◆ Work to be completed: Would you go through the records below and copy each line with the string "coat"?

[Dataset items]
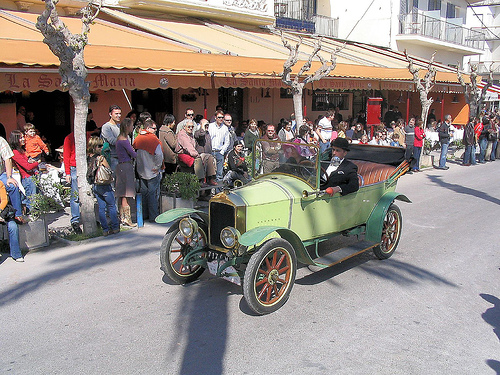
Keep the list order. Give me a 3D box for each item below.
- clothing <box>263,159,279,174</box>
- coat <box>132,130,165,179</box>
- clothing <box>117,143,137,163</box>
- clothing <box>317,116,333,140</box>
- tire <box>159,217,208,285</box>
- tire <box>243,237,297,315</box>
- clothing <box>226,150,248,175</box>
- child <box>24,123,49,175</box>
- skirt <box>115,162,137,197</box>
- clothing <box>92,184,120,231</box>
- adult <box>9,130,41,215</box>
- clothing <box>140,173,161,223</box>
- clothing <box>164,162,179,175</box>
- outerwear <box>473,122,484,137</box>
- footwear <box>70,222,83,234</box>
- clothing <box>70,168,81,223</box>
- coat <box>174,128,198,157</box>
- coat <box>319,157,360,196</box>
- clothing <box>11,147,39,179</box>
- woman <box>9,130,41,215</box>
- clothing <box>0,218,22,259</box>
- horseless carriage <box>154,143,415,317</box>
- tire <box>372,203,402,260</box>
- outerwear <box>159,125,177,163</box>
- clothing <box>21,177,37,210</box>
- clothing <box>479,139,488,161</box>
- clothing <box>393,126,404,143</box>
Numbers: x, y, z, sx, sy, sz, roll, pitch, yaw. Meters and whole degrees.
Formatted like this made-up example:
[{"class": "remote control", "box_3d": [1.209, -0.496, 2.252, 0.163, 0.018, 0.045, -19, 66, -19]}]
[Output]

◆ Answer below:
- coat <box>132,130,165,179</box>
- coat <box>174,128,198,157</box>
- coat <box>319,157,360,196</box>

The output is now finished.